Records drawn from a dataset
-------------------------
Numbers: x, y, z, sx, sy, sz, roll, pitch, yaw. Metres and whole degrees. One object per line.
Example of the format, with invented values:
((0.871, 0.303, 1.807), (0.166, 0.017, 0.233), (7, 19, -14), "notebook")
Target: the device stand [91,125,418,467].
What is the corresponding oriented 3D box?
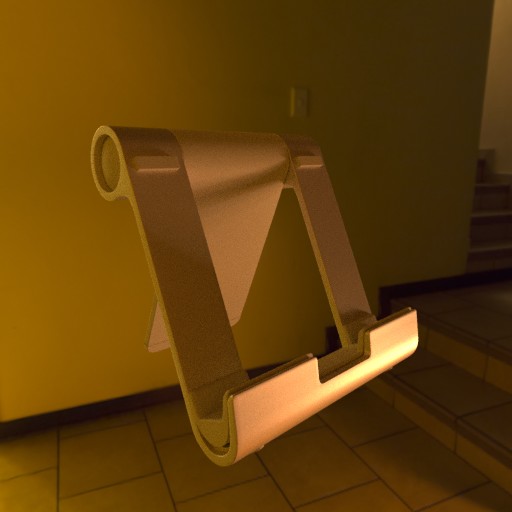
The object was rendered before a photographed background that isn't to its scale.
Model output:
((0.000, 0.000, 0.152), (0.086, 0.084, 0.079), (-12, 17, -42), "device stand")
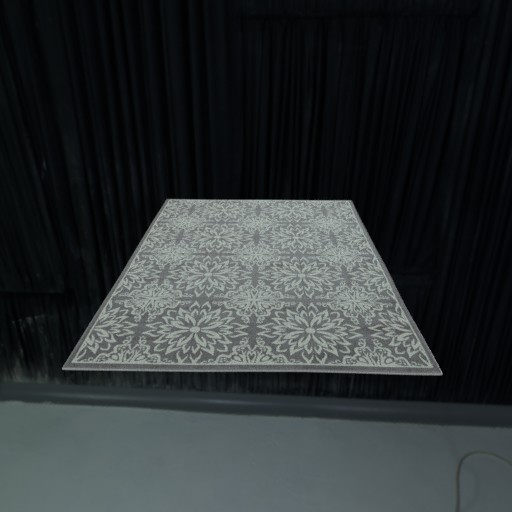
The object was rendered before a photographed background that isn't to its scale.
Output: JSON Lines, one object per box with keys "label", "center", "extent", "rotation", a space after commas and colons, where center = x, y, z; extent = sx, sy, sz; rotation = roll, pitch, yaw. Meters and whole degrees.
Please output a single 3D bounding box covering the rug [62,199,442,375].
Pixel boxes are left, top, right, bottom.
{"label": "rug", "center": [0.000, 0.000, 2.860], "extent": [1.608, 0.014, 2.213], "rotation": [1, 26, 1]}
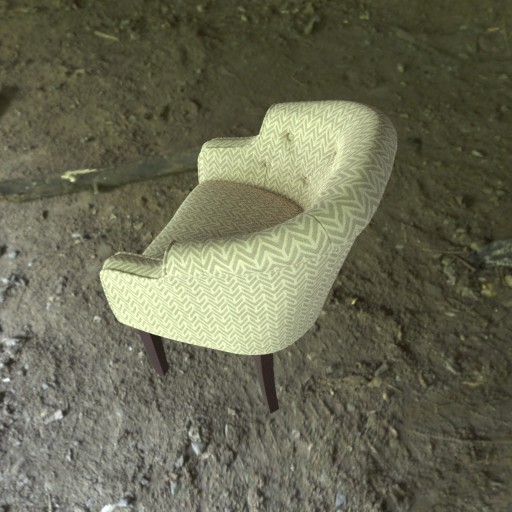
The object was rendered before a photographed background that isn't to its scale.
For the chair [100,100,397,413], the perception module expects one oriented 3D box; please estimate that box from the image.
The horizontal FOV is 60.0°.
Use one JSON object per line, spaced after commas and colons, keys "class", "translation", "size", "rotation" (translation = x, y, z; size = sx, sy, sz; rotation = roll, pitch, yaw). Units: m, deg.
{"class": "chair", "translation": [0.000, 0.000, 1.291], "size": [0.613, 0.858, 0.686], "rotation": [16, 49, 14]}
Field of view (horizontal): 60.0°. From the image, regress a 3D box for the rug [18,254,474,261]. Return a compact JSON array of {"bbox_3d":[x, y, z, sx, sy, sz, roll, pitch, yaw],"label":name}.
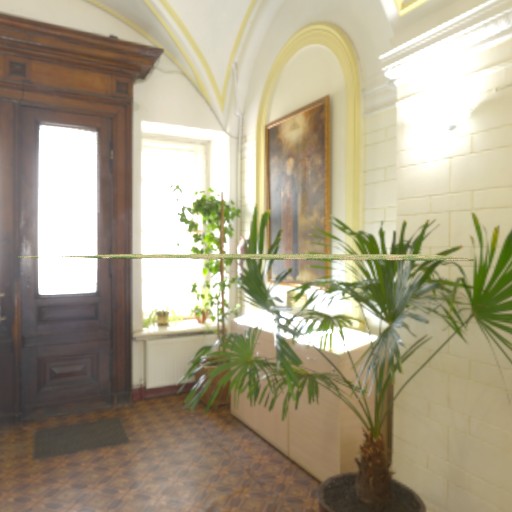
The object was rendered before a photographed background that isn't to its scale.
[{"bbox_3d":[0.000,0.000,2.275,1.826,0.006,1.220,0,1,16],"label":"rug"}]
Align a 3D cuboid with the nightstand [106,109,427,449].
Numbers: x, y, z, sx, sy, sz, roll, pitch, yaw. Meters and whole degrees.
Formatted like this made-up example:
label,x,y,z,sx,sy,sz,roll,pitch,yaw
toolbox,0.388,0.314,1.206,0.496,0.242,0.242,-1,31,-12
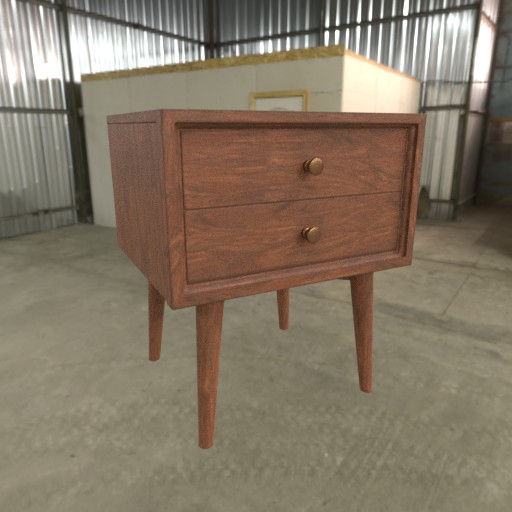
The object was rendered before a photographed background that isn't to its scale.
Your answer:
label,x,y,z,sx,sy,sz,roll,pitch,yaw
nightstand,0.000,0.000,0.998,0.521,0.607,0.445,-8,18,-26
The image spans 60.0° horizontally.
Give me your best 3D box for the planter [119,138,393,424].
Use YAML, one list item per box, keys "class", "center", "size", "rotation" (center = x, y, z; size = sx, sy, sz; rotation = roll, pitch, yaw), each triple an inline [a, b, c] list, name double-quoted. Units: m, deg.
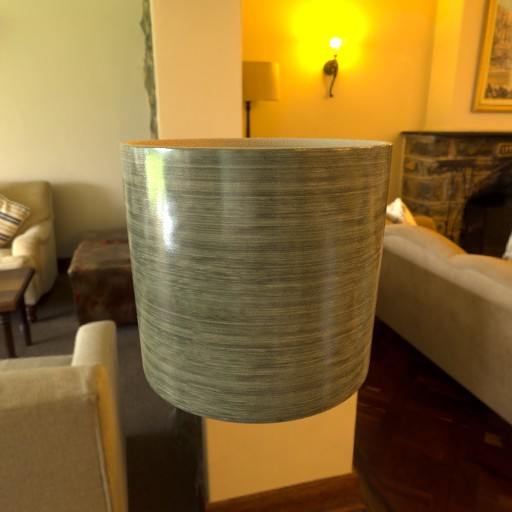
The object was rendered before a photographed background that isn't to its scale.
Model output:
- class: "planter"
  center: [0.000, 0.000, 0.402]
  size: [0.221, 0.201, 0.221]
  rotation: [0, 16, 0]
-------------------------
▶ [Task requirements]
Without including any pictures, please restate all the records exactly.

▶ [Task solution]
Numbers: x, y, z, sx, sy, sz, roll, pitch, yaw. Metres and whole degrees. One object per line.
Example of the format, with invented values:
((0.871, 0.303, 1.807), (0.166, 0.017, 0.233), (7, 19, -14), "notebook")
Target: the device stand [91,125,418,467].
What is the corresponding oriented 3D box?
The object was rendered before a photographed background that isn't to its scale.
Model output:
((0.000, 0.000, 0.152), (0.086, 0.084, 0.079), (-12, 17, -42), "device stand")
The object was rendered before a photographed background that isn't to its scale.
Output: JSON Lines, one object per box with keys "label", "center", "extent", "rotation", a space after commas and colons, where center = x, y, z; extent = sx, sy, sz; rotation = roll, pitch, yaw. Meters and whole degrees.
Please output a single 3D bounding box covering the rug [62,199,442,375].
Pixel boxes are left, top, right, bottom.
{"label": "rug", "center": [0.000, 0.000, 2.860], "extent": [1.608, 0.014, 2.213], "rotation": [1, 26, 1]}
The object was rendered before a photographed background that isn't to its scale.
For the chair [100,100,397,413], the perception module expects one oriented 3D box; please estimate that box from the image.
The horizontal FOV is 60.0°.
Use one JSON object per line, spaced after commas and colons, keys "class", "translation", "size", "rotation" (translation = x, y, z; size = sx, sy, sz; rotation = roll, pitch, yaw). Units: m, deg.
{"class": "chair", "translation": [0.000, 0.000, 1.291], "size": [0.613, 0.858, 0.686], "rotation": [16, 49, 14]}
Field of view (horizontal): 60.0°. From the image, regress a 3D box for the rug [18,254,474,261]. Return a compact JSON array of {"bbox_3d":[x, y, z, sx, sy, sz, roll, pitch, yaw],"label":name}.
The object was rendered before a photographed background that isn't to its scale.
[{"bbox_3d":[0.000,0.000,2.275,1.826,0.006,1.220,0,1,16],"label":"rug"}]
Align a 3D cuboid with the nightstand [106,109,427,449].
Numbers: x, y, z, sx, sy, sz, roll, pitch, yaw. Meters and whole degrees.
Formatted like this made-up example:
label,x,y,z,sx,sy,sz,roll,pitch,yaw
toolbox,0.388,0.314,1.206,0.496,0.242,0.242,-1,31,-12
The object was rendered before a photographed background that isn't to its scale.
Your answer:
label,x,y,z,sx,sy,sz,roll,pitch,yaw
nightstand,0.000,0.000,0.998,0.521,0.607,0.445,-8,18,-26
The image spans 60.0° horizontally.
Give me your best 3D box for the planter [119,138,393,424].
Use YAML, one list item per box, keys "class", "center", "size", "rotation" (center = x, y, z; size = sx, sy, sz; rotation = roll, pitch, yaw), each triple an inline [a, b, c] list, name double-quoted. Units: m, deg.
The object was rendered before a photographed background that isn't to its scale.
Model output:
- class: "planter"
  center: [0.000, 0.000, 0.402]
  size: [0.221, 0.201, 0.221]
  rotation: [0, 16, 0]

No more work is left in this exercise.